**DATA SUPPLIED:**
══════════════════════════════

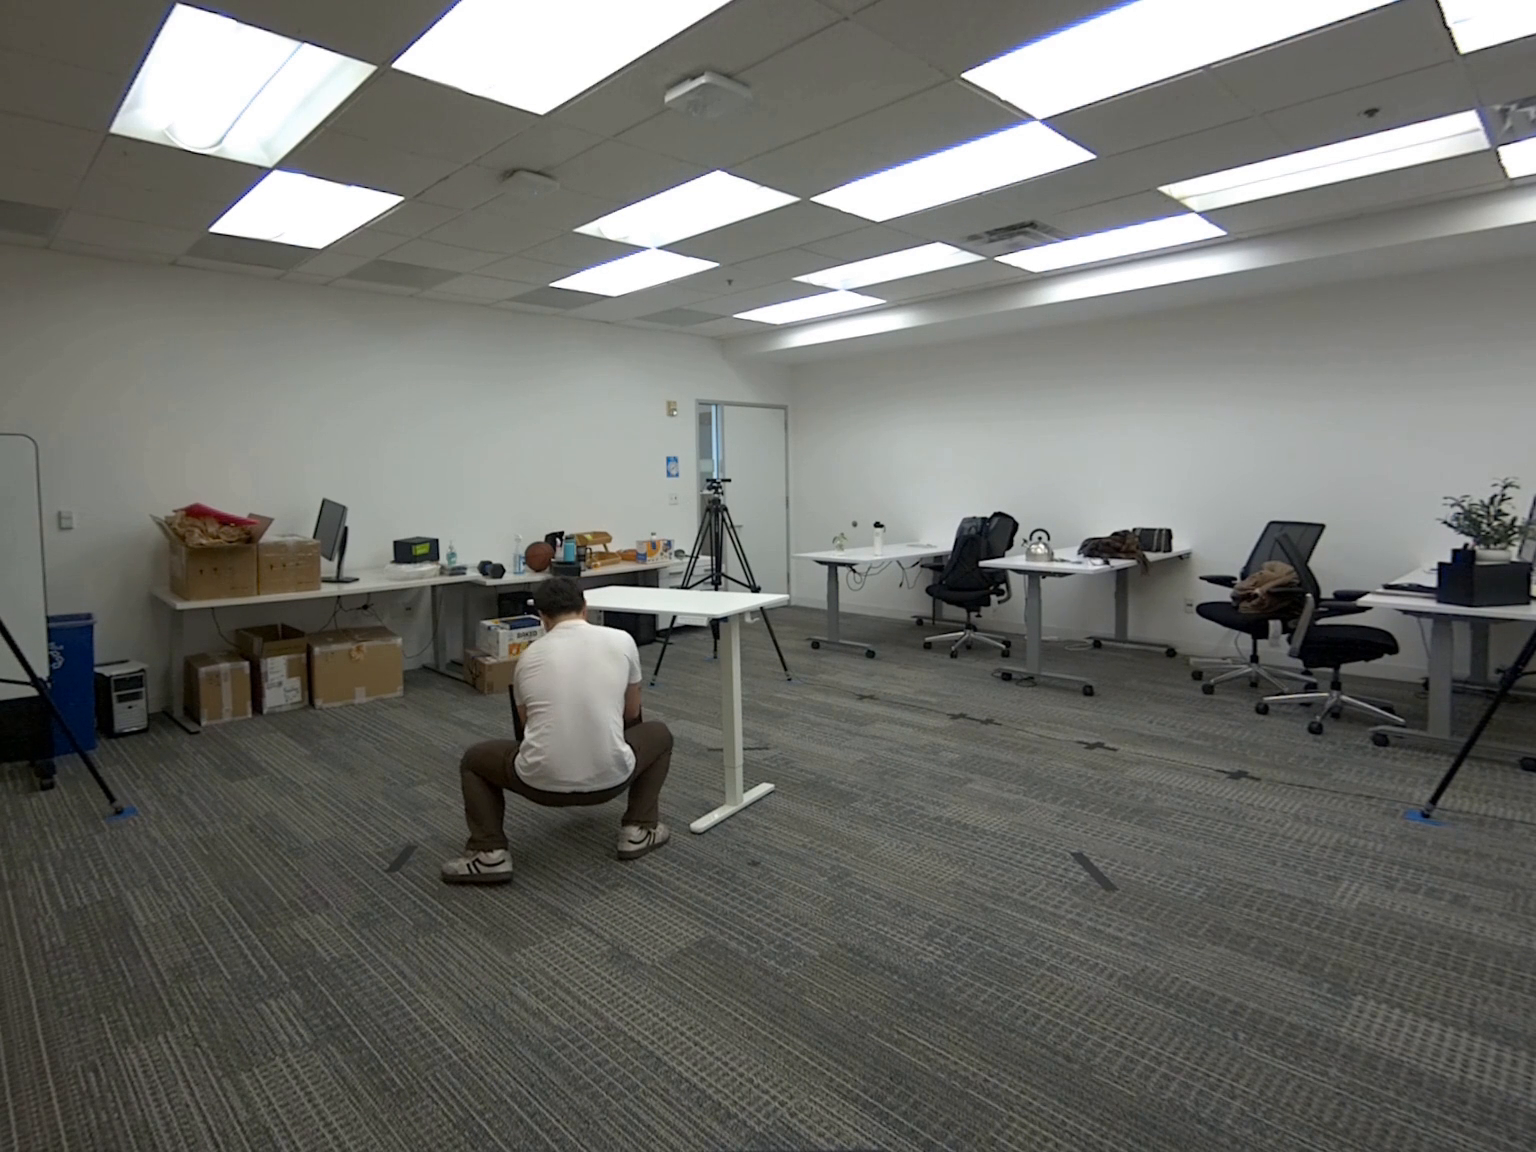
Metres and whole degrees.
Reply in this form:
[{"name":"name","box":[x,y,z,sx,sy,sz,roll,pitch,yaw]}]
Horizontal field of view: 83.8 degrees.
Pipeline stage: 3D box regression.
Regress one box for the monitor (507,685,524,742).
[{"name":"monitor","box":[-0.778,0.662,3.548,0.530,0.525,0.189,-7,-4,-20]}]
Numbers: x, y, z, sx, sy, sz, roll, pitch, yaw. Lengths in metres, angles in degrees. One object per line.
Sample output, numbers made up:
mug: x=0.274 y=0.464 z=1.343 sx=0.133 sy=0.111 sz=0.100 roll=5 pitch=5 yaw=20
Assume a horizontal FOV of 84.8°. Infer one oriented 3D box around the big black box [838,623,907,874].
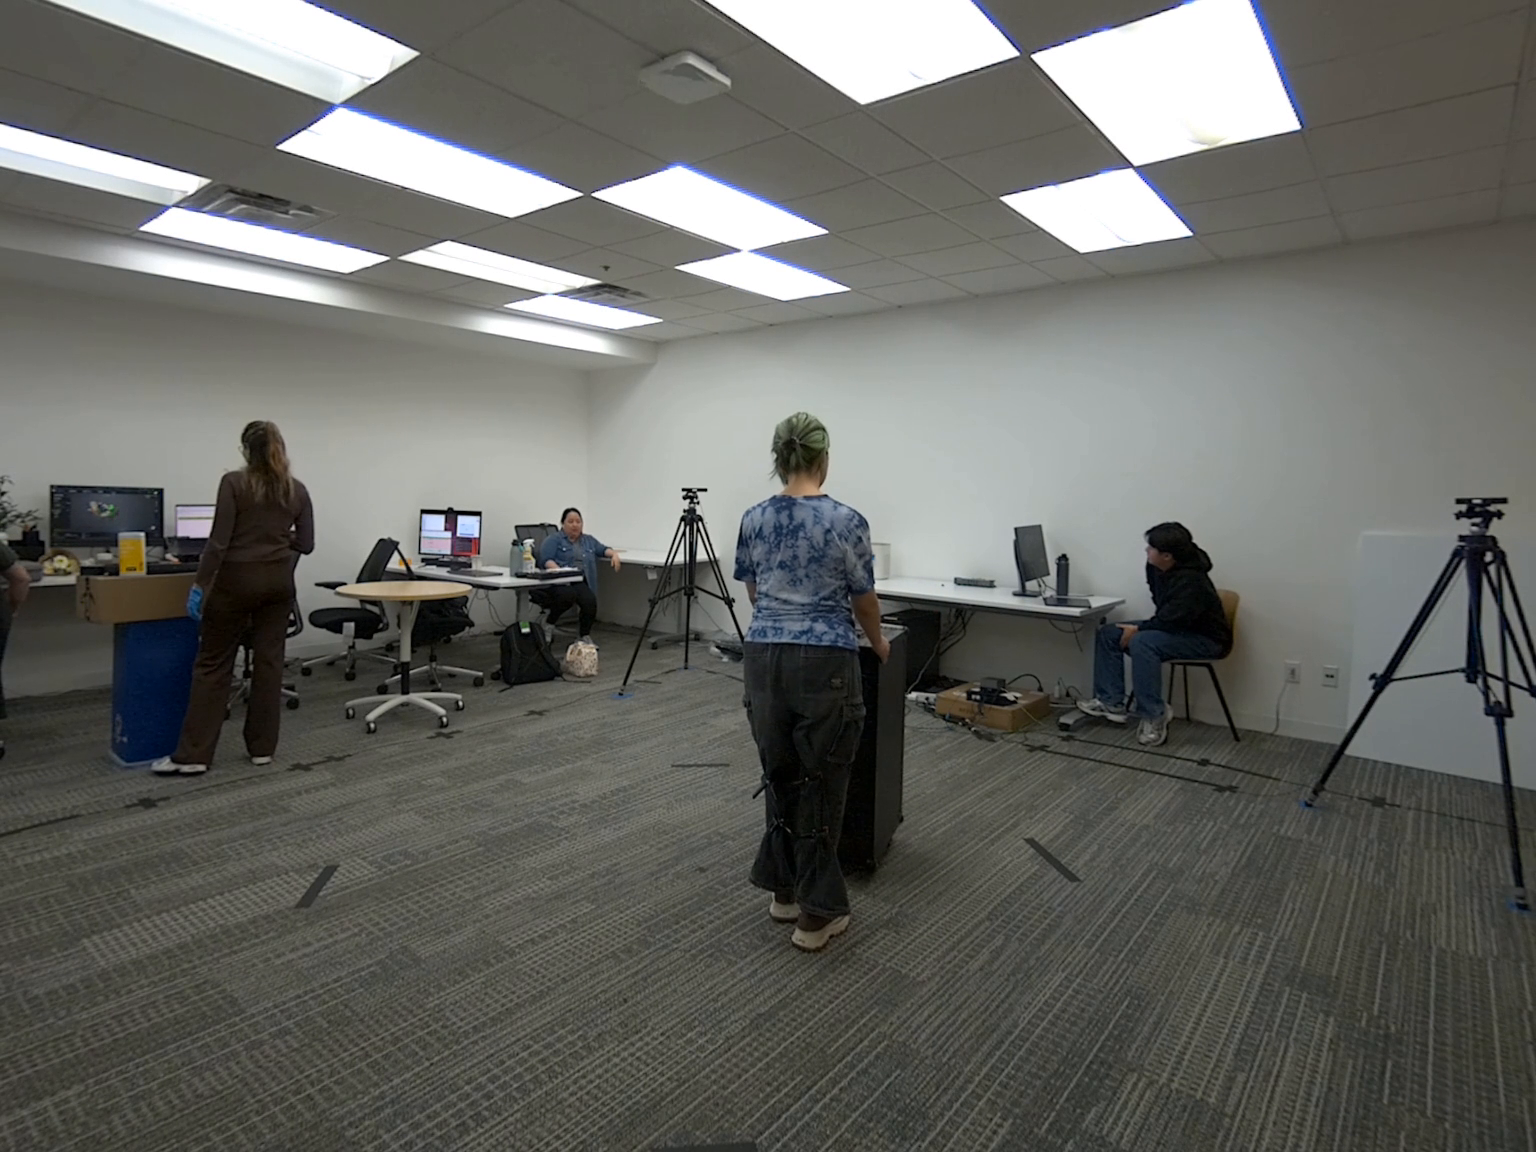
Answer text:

══════════════════════════════

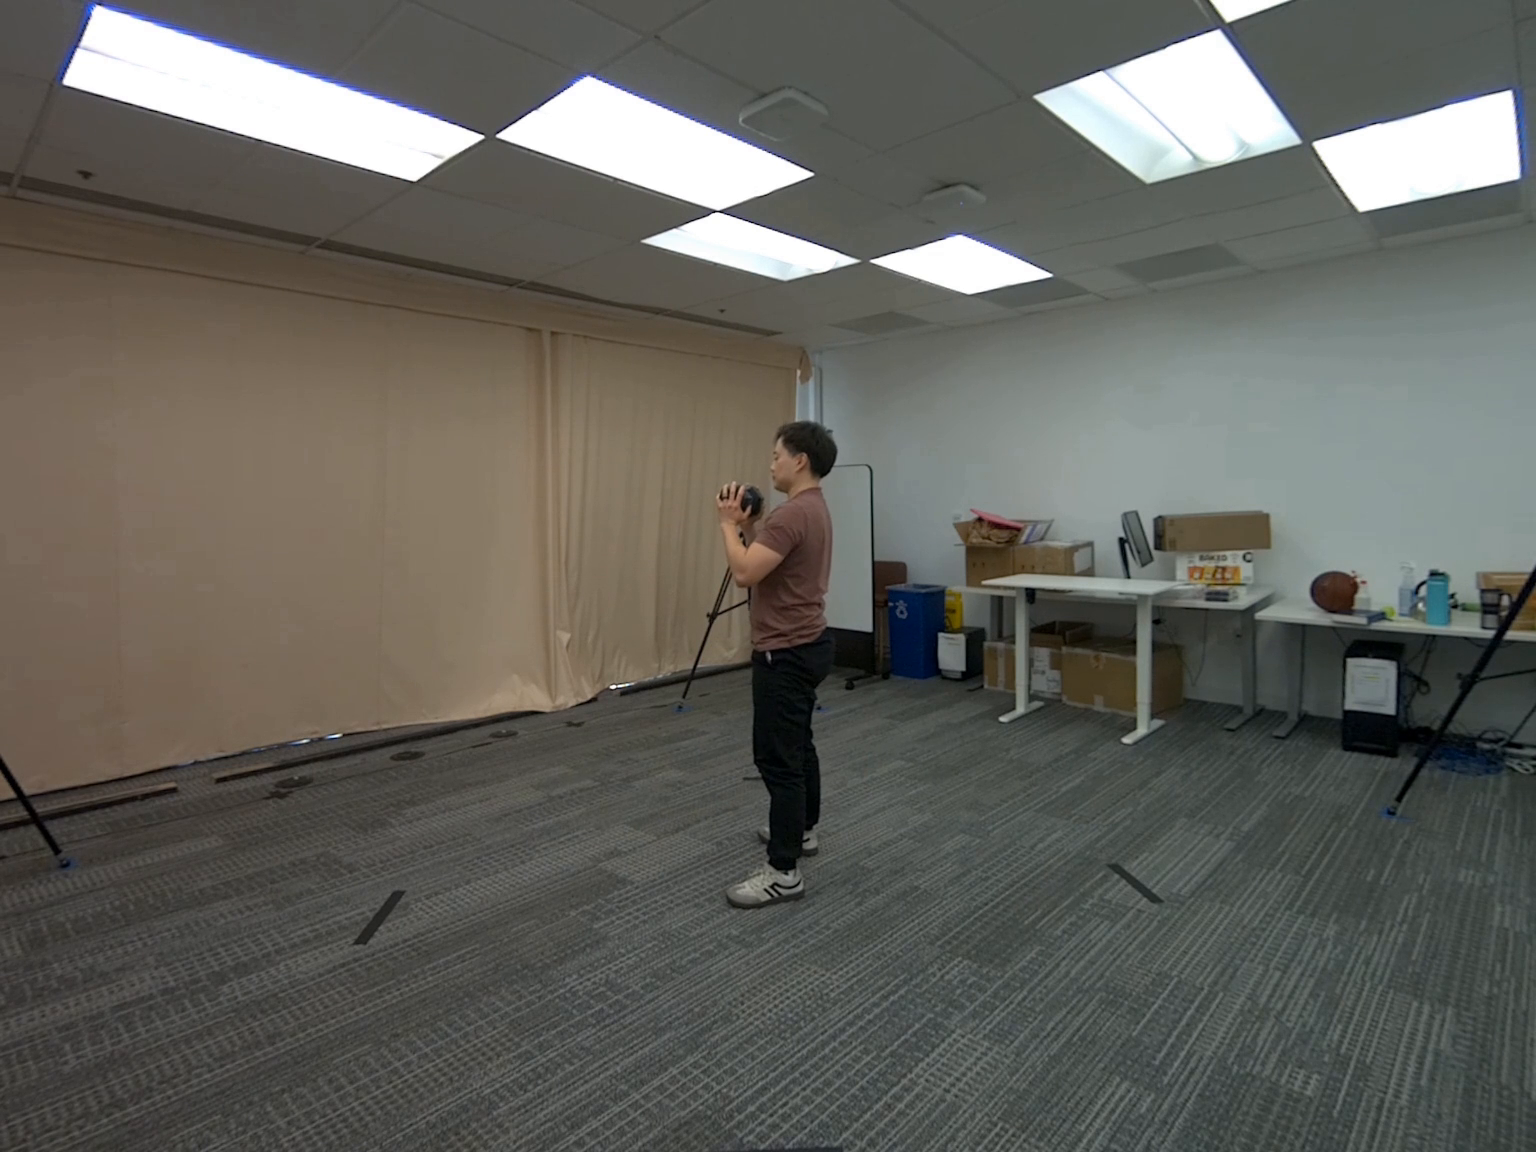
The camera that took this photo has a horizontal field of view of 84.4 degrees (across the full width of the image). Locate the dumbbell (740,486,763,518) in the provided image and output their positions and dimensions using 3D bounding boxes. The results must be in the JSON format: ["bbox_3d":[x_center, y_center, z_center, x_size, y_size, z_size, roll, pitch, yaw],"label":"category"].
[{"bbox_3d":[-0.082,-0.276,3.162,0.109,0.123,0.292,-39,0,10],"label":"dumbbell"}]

══════════════════════════════

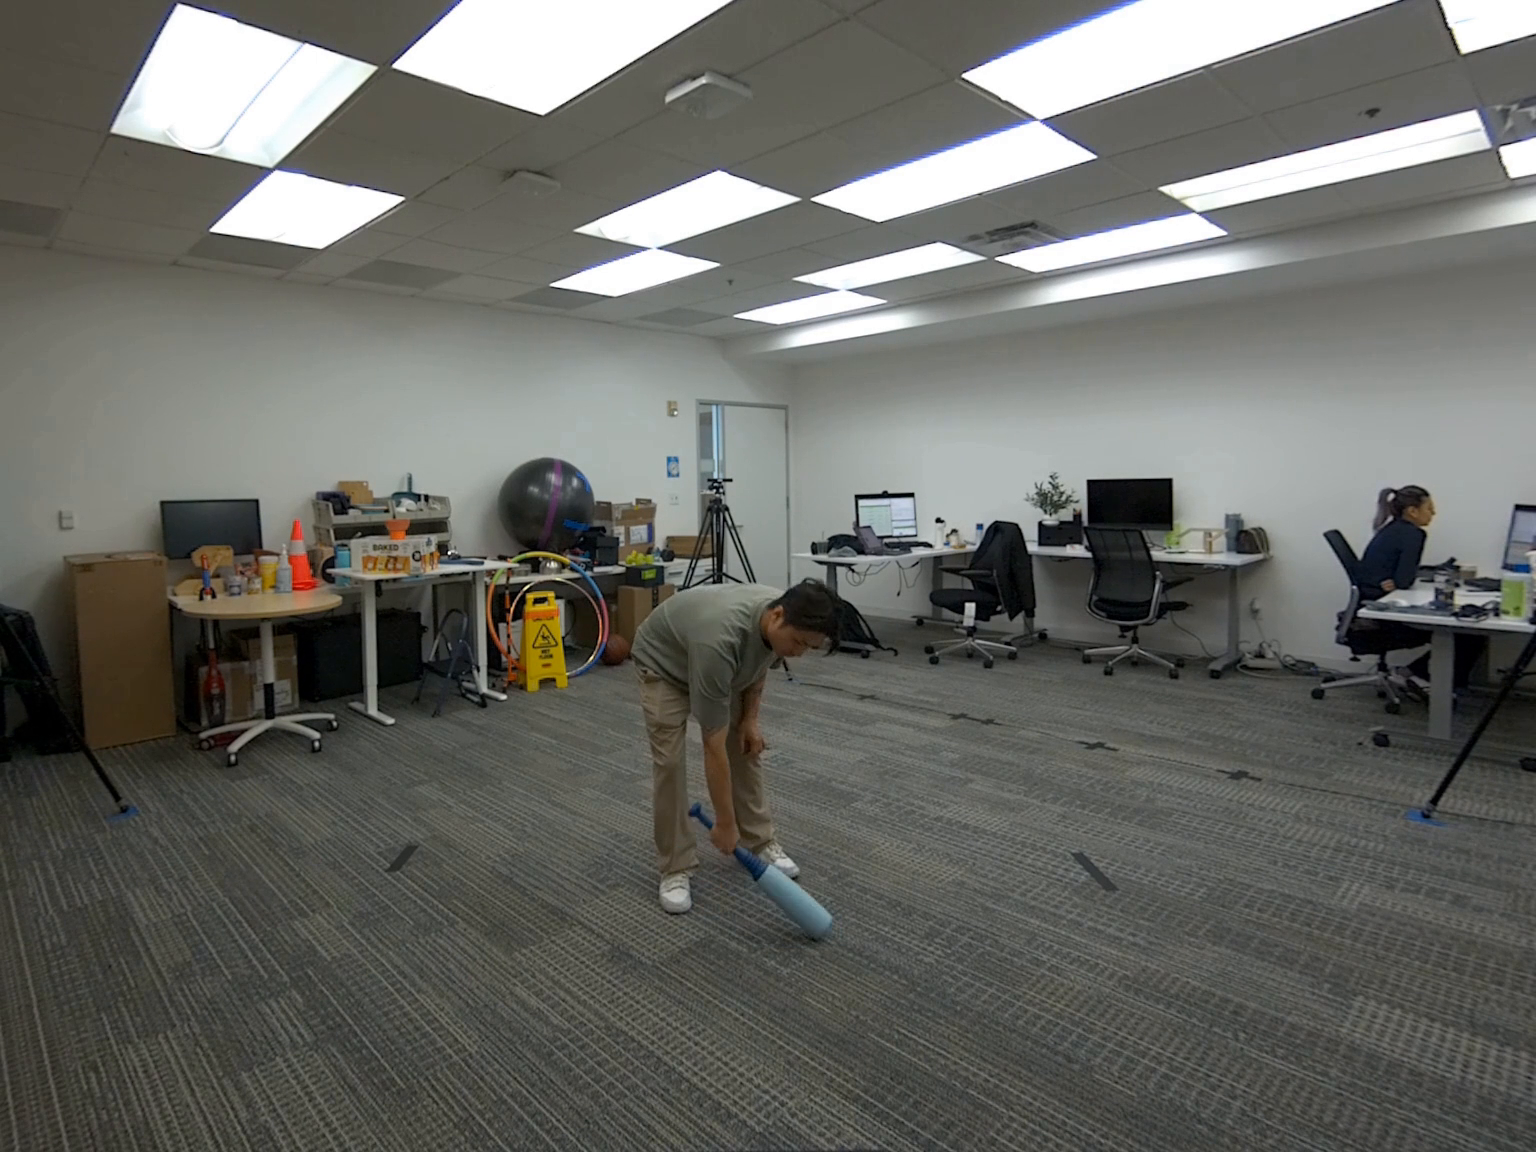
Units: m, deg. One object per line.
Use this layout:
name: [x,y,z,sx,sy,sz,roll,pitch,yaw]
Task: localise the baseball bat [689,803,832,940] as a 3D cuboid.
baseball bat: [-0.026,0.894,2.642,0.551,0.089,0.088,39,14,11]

══════════════════════════════

Counting only lines that contain the word "object", give the number found in the data, and nothing else.

**WORKED SOLUTION:** 2